If you would like me to look at this further please respond about if the error you were talking about was simple just the example error from the README. Also please include the output from going into Moby VM and issuing either mount or df -h.

[ukchucktown]

I was able to finally get it mounted. I hit a small snag. I'm running a docker stack provided by our vendor that includes Hadoop, yarn, elastic search, accumulo, rabbitmq and tomcat. I mounted the /opt folder as /opt:/opt:501:0 (501 is my UID on the host) in the d4m-nfs-mounts.txt file. On startup the infrastructure tries to create a datastore folder under a subdirectory of /opt. Everything starts if the directory structure already exists. If it does not exist I get an error stating the folder is not shared from the Docker File Sharing preferences. I'm wondering if it's some kind of permissions issue.

Output from mount command:
192.168.65.1:/Users/grantlewis on /mnt type nfs (rw,relatime,vers=3,rsize=65536,wsize=65536,namlen=255,hard,nolock,proto=tcp,timeo=600,retrans=2,sec=sys,mountaddr=192.168.65.1,mountvers=3,mountproto=tcp,local_lock=all,addr=192.168.65.1)
192.168.65.1:/opt on /opt type nfs (rw,relatime,vers=3,rsize=65536,wsize=65536,namlen=255,hard,nolock,proto=tcp,timeo=600,retrans=2,sec=sys,mountaddr=192.168.65.1,mountvers=3,mountproto=tcp,local_lock=all,addr=192.168.65.1)

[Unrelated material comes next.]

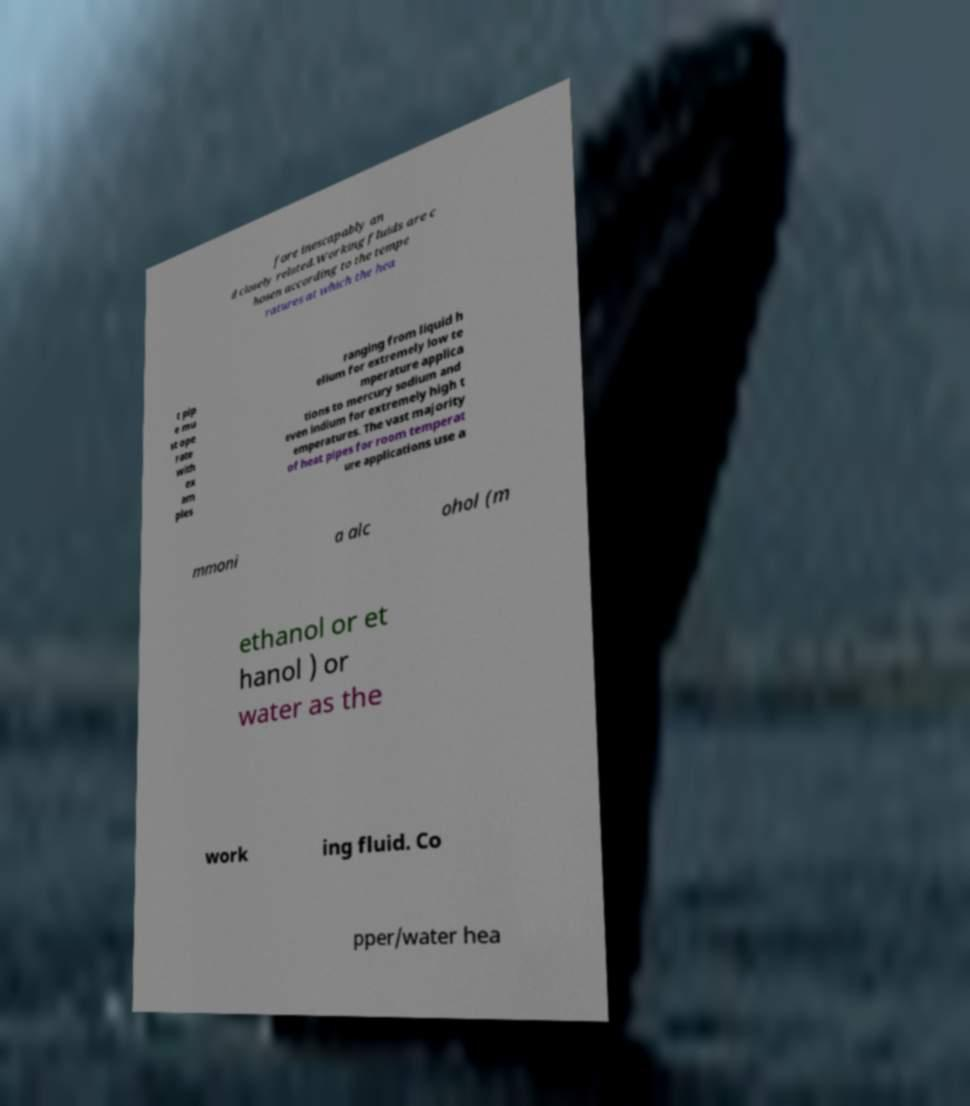Could you assist in decoding the text presented in this image and type it out clearly? fore inescapably an d closely related.Working fluids are c hosen according to the tempe ratures at which the hea t pip e mu st ope rate with ex am ples ranging from liquid h elium for extremely low te mperature applica tions to mercury sodium and even indium for extremely high t emperatures. The vast majority of heat pipes for room temperat ure applications use a mmoni a alc ohol (m ethanol or et hanol ) or water as the work ing fluid. Co pper/water hea

Output of ls command:/ # ls -al
total 20
drwxrwxrwt 23 root root 500 May 8 12:19 .
drwxrwxrwt 23 root root 500 May 8 12:19 ..
-rw------- 1 root root 134 May 8 12:53 .ash_history
drwxrwxrwt 9 root root 440 May 8 12:13 Database
drwxr-xr-x 2 root root 1680 Mar 25 02:26 bin
drwxr-xr-x 4 root root 80 Mar 25 02:50 containers
drwxr-xr-x 11 root root 2840 May 8 12:13 dev
drwxrwxr-x 26 dockrema dockrema 1380 May 8 12:19 etc
drwxr-xr-x 3 root root 60 Mar 25 02:26 home
drwxr-xr-x 22 root root 748 May 8 12:13 host_docker_app
-rwxrwxr-x 1 root root 878 Mar 25 02:24 init
drwxr-xr-x 7 dockrema dockrema 760 May 8 12:19 lib
drwxr-xr-x 5 root root 100 Mar 25 02:26 media
drwxr-xr-x 26 501 dialout 884 May 8 12:08 mnt
drwxr-xr-x 3 501 cdrw 102 May 7 20:13 opt
drwxrwxrwx 1 docker docker 0 May 4 2006 port
dr-xr-xr-x 114 root root 0 May 8 12:13 proc
drwx------ 2 root root 40 Dec 26 21:32 root
drwxr-xr-x 10 root root 580 May 8 12:19 run
drwxrwxr-x 2 dockrema dockrema 2180 May 8 12:19 sbin
drwxr-xr-x 2 root root 40 Dec 26 21:32 srv
dr-xr-xr-x 13 root root 0 May 8 12:13 sys
drwxrwxrwt 38 root root 1292 May 8 12:19 tmp
drwxrwxr-x 9 dockrema dockrema 180 Mar 25 02:26 usr
drwxr-xr-x 10 root root 4096 May 7 20:15 var

[if-kenn]

@ukchucktown please keep in mind that since NFS is the underlying glue that is this project, that all rules of NFS must be followed, unlike Docker which creates the directory for you if it doesn't exist, NFS needs it to exist. Since NFS and Docker have no idea of the other, it is up to you to have to bootstrap.

The way in which I often bootstrap is start up a stack normally without using NFS, use docker cp to get what the containers of docker had made, and then use that copied directory to map it via a Docker volume.